═════ TASK INPUT

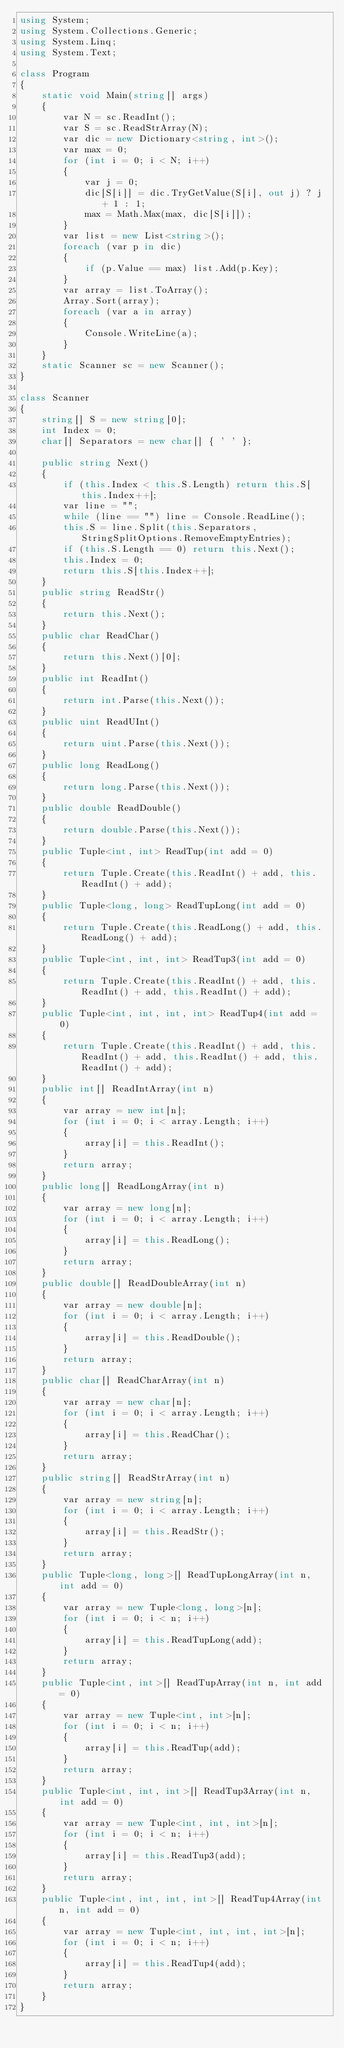<code> <loc_0><loc_0><loc_500><loc_500><_C#_>using System;
using System.Collections.Generic;
using System.Linq;
using System.Text;

class Program
{
    static void Main(string[] args)
    {
        var N = sc.ReadInt();
        var S = sc.ReadStrArray(N);
        var dic = new Dictionary<string, int>();
        var max = 0;
        for (int i = 0; i < N; i++)
        {
            var j = 0;
            dic[S[i]] = dic.TryGetValue(S[i], out j) ? j + 1 : 1;
            max = Math.Max(max, dic[S[i]]);
        }
        var list = new List<string>();
        foreach (var p in dic)
        {
            if (p.Value == max) list.Add(p.Key);
        }
        var array = list.ToArray();
        Array.Sort(array);
        foreach (var a in array)
        {
            Console.WriteLine(a);
        }
    }
    static Scanner sc = new Scanner();
}

class Scanner
{
    string[] S = new string[0];
    int Index = 0;
    char[] Separators = new char[] { ' ' };

    public string Next()
    {
        if (this.Index < this.S.Length) return this.S[this.Index++];
        var line = "";
        while (line == "") line = Console.ReadLine();
        this.S = line.Split(this.Separators, StringSplitOptions.RemoveEmptyEntries);
        if (this.S.Length == 0) return this.Next();
        this.Index = 0;
        return this.S[this.Index++];
    }
    public string ReadStr()
    {
        return this.Next();
    }
    public char ReadChar()
    {
        return this.Next()[0];
    }
    public int ReadInt()
    {
        return int.Parse(this.Next());
    }
    public uint ReadUInt()
    {
        return uint.Parse(this.Next());
    }
    public long ReadLong()
    {
        return long.Parse(this.Next());
    }
    public double ReadDouble()
    {
        return double.Parse(this.Next());
    }
    public Tuple<int, int> ReadTup(int add = 0)
    {
        return Tuple.Create(this.ReadInt() + add, this.ReadInt() + add);
    }
    public Tuple<long, long> ReadTupLong(int add = 0)
    {
        return Tuple.Create(this.ReadLong() + add, this.ReadLong() + add);
    }
    public Tuple<int, int, int> ReadTup3(int add = 0)
    {
        return Tuple.Create(this.ReadInt() + add, this.ReadInt() + add, this.ReadInt() + add);
    }
    public Tuple<int, int, int, int> ReadTup4(int add = 0)
    {
        return Tuple.Create(this.ReadInt() + add, this.ReadInt() + add, this.ReadInt() + add, this.ReadInt() + add);
    }
    public int[] ReadIntArray(int n)
    {
        var array = new int[n];
        for (int i = 0; i < array.Length; i++)
        {
            array[i] = this.ReadInt();
        }
        return array;
    }
    public long[] ReadLongArray(int n)
    {
        var array = new long[n];
        for (int i = 0; i < array.Length; i++)
        {
            array[i] = this.ReadLong();
        }
        return array;
    }
    public double[] ReadDoubleArray(int n)
    {
        var array = new double[n];
        for (int i = 0; i < array.Length; i++)
        {
            array[i] = this.ReadDouble();
        }
        return array;
    }
    public char[] ReadCharArray(int n)
    {
        var array = new char[n];
        for (int i = 0; i < array.Length; i++)
        {
            array[i] = this.ReadChar();
        }
        return array;
    }
    public string[] ReadStrArray(int n)
    {
        var array = new string[n];
        for (int i = 0; i < array.Length; i++)
        {
            array[i] = this.ReadStr();
        }
        return array;
    }
    public Tuple<long, long>[] ReadTupLongArray(int n, int add = 0)
    {
        var array = new Tuple<long, long>[n];
        for (int i = 0; i < n; i++)
        {
            array[i] = this.ReadTupLong(add);
        }
        return array;
    }
    public Tuple<int, int>[] ReadTupArray(int n, int add = 0)
    {
        var array = new Tuple<int, int>[n];
        for (int i = 0; i < n; i++)
        {
            array[i] = this.ReadTup(add);
        }
        return array;
    }
    public Tuple<int, int, int>[] ReadTup3Array(int n, int add = 0)
    {
        var array = new Tuple<int, int, int>[n];
        for (int i = 0; i < n; i++)
        {
            array[i] = this.ReadTup3(add);
        }
        return array;
    }
    public Tuple<int, int, int, int>[] ReadTup4Array(int n, int add = 0)
    {
        var array = new Tuple<int, int, int, int>[n];
        for (int i = 0; i < n; i++)
        {
            array[i] = this.ReadTup4(add);
        }
        return array;
    }
}
</code> 
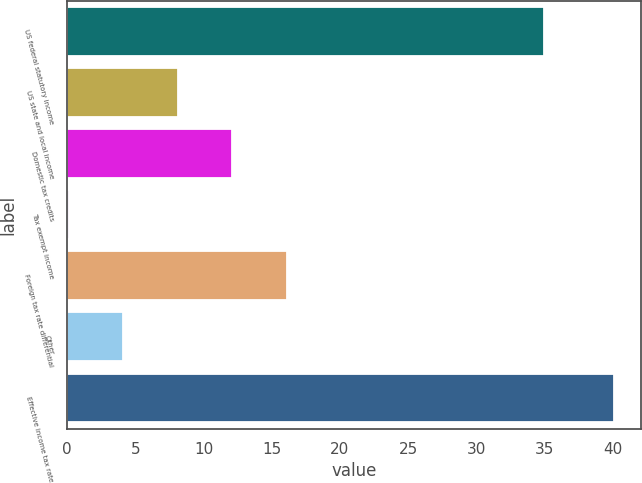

══════════

(WHAT THE TASK REQUIRES)
All entries should be given again exactly, except that pictures are to be excluded.

(SOLUTION)
<code> <loc_0><loc_0><loc_500><loc_500><_C#_>using System;
using System.Collections.Generic;
using System.Linq;
using System.Text;

class Program
{
    static void Main(string[] args)
    {
        var N = sc.ReadInt();
        var S = sc.ReadStrArray(N);
        var dic = new Dictionary<string, int>();
        var max = 0;
        for (int i = 0; i < N; i++)
        {
            var j = 0;
            dic[S[i]] = dic.TryGetValue(S[i], out j) ? j + 1 : 1;
            max = Math.Max(max, dic[S[i]]);
        }
        var list = new List<string>();
        foreach (var p in dic)
        {
            if (p.Value == max) list.Add(p.Key);
        }
        var array = list.ToArray();
        Array.Sort(array);
        foreach (var a in array)
        {
            Console.WriteLine(a);
        }
    }
    static Scanner sc = new Scanner();
}

class Scanner
{
    string[] S = new string[0];
    int Index = 0;
    char[] Separators = new char[] { ' ' };

    public string Next()
    {
        if (this.Index < this.S.Length) return this.S[this.Index++];
        var line = "";
        while (line == "") line = Console.ReadLine();
        this.S = line.Split(this.Separators, StringSplitOptions.RemoveEmptyEntries);
        if (this.S.Length == 0) return this.Next();
        this.Index = 0;
        return this.S[this.Index++];
    }
    public string ReadStr()
    {
        return this.Next();
    }
    public char ReadChar()
    {
        return this.Next()[0];
    }
    public int ReadInt()
    {
        return int.Parse(this.Next());
    }
    public uint ReadUInt()
    {
        return uint.Parse(this.Next());
    }
    public long ReadLong()
    {
        return long.Parse(this.Next());
    }
    public double ReadDouble()
    {
        return double.Parse(this.Next());
    }
    public Tuple<int, int> ReadTup(int add = 0)
    {
        return Tuple.Create(this.ReadInt() + add, this.ReadInt() + add);
    }
    public Tuple<long, long> ReadTupLong(int add = 0)
    {
        return Tuple.Create(this.ReadLong() + add, this.ReadLong() + add);
    }
    public Tuple<int, int, int> ReadTup3(int add = 0)
    {
        return Tuple.Create(this.ReadInt() + add, this.ReadInt() + add, this.ReadInt() + add);
    }
    public Tuple<int, int, int, int> ReadTup4(int add = 0)
    {
        return Tuple.Create(this.ReadInt() + add, this.ReadInt() + add, this.ReadInt() + add, this.ReadInt() + add);
    }
    public int[] ReadIntArray(int n)
    {
        var array = new int[n];
        for (int i = 0; i < array.Length; i++)
        {
            array[i] = this.ReadInt();
        }
        return array;
    }
    public long[] ReadLongArray(int n)
    {
        var array = new long[n];
        for (int i = 0; i < array.Length; i++)
        {
            array[i] = this.ReadLong();
        }
        return array;
    }
    public double[] ReadDoubleArray(int n)
    {
        var array = new double[n];
        for (int i = 0; i < array.Length; i++)
        {
            array[i] = this.ReadDouble();
        }
        return array;
    }
    public char[] ReadCharArray(int n)
    {
        var array = new char[n];
        for (int i = 0; i < array.Length; i++)
        {
            array[i] = this.ReadChar();
        }
        return array;
    }
    public string[] ReadStrArray(int n)
    {
        var array = new string[n];
        for (int i = 0; i < array.Length; i++)
        {
            array[i] = this.ReadStr();
        }
        return array;
    }
    public Tuple<long, long>[] ReadTupLongArray(int n, int add = 0)
    {
        var array = new Tuple<long, long>[n];
        for (int i = 0; i < n; i++)
        {
            array[i] = this.ReadTupLong(add);
        }
        return array;
    }
    public Tuple<int, int>[] ReadTupArray(int n, int add = 0)
    {
        var array = new Tuple<int, int>[n];
        for (int i = 0; i < n; i++)
        {
            array[i] = this.ReadTup(add);
        }
        return array;
    }
    public Tuple<int, int, int>[] ReadTup3Array(int n, int add = 0)
    {
        var array = new Tuple<int, int, int>[n];
        for (int i = 0; i < n; i++)
        {
            array[i] = this.ReadTup3(add);
        }
        return array;
    }
    public Tuple<int, int, int, int>[] ReadTup4Array(int n, int add = 0)
    {
        var array = new Tuple<int, int, int, int>[n];
        for (int i = 0; i < n; i++)
        {
            array[i] = this.ReadTup4(add);
        }
        return array;
    }
}
</code> 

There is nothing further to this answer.